***** Records provided
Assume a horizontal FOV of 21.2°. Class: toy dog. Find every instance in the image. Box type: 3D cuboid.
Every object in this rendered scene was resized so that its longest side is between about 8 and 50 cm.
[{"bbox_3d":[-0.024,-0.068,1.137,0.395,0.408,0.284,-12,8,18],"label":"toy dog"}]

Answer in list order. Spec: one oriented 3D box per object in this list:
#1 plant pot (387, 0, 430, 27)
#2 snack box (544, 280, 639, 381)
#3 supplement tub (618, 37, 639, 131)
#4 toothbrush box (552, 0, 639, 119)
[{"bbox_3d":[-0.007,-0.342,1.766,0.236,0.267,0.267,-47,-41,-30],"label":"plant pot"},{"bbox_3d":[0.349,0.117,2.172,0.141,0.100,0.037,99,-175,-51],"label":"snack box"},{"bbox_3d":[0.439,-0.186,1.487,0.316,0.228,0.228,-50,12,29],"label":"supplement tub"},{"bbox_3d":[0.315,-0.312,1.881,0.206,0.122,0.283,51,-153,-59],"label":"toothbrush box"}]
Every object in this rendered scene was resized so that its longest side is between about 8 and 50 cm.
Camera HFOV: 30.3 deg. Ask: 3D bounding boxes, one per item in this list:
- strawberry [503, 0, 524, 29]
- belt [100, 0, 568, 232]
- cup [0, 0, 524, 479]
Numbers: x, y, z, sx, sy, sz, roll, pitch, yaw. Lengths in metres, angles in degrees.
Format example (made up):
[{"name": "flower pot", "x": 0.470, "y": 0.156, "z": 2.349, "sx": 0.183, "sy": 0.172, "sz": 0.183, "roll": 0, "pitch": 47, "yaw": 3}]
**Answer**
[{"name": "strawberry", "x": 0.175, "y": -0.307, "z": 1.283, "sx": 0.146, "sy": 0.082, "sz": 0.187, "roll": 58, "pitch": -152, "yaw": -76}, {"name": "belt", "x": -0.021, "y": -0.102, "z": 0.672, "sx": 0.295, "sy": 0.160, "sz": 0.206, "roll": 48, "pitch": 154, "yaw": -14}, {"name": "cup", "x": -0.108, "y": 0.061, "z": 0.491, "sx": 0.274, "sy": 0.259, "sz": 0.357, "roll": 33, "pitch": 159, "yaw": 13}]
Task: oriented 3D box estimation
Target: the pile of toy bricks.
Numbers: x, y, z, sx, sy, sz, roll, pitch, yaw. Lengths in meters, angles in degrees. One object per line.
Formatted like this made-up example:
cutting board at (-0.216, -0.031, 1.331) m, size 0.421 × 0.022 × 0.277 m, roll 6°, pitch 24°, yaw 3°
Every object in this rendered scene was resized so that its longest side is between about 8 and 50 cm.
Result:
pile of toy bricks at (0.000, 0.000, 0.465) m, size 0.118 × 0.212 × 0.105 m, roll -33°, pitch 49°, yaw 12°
**********
Your assignment:
Filter the entries above down to the lines that contain the word "Numbers".

Response area:
Numbers: x, y, z, sx, sy, sz, roll, pitch, yaw. Lengths in metres, angles in degrees.
Numbers: x, y, z, sx, sy, sz, roll, pitch, yaw. Lengths in meters, angles in degrees. One object per line.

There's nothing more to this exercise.